(Items listed in a dataset)

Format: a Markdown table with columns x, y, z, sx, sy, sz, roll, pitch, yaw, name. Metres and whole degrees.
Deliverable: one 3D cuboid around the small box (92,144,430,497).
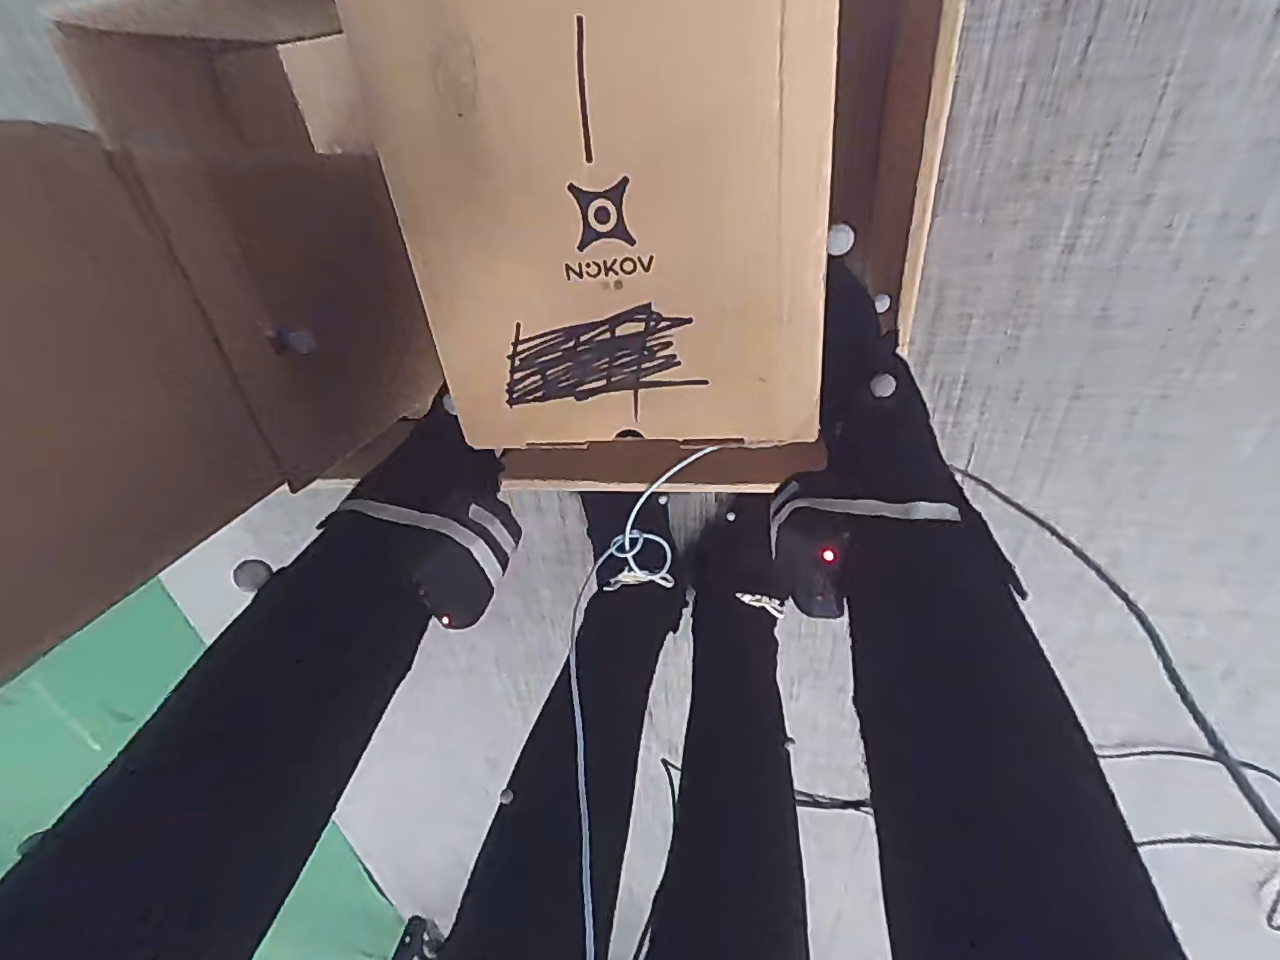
| x | y | z | sx | sy | sz | roll | pitch | yaw | name |
| --- | --- | --- | --- | --- | --- | --- | --- | --- | --- |
| -0.268 | -0.106 | 0.351 | 0.168 | 0.176 | 0.179 | 0 | 121 | 11 | small box |

* **Work task**
Give back every entry in its exact wording, leaving the pictures out.

* **Task response**
Format: a Markdown table with columns x, y, z, sx, sy, sz, roll, pitch, yaw, name. Metres and whole degrees.
Deliverable: one 3D cuboid around the small box (92,144,430,497).
| x | y | z | sx | sy | sz | roll | pitch | yaw | name |
| --- | --- | --- | --- | --- | --- | --- | --- | --- | --- |
| -0.268 | -0.106 | 0.351 | 0.168 | 0.176 | 0.179 | 0 | 121 | 11 | small box |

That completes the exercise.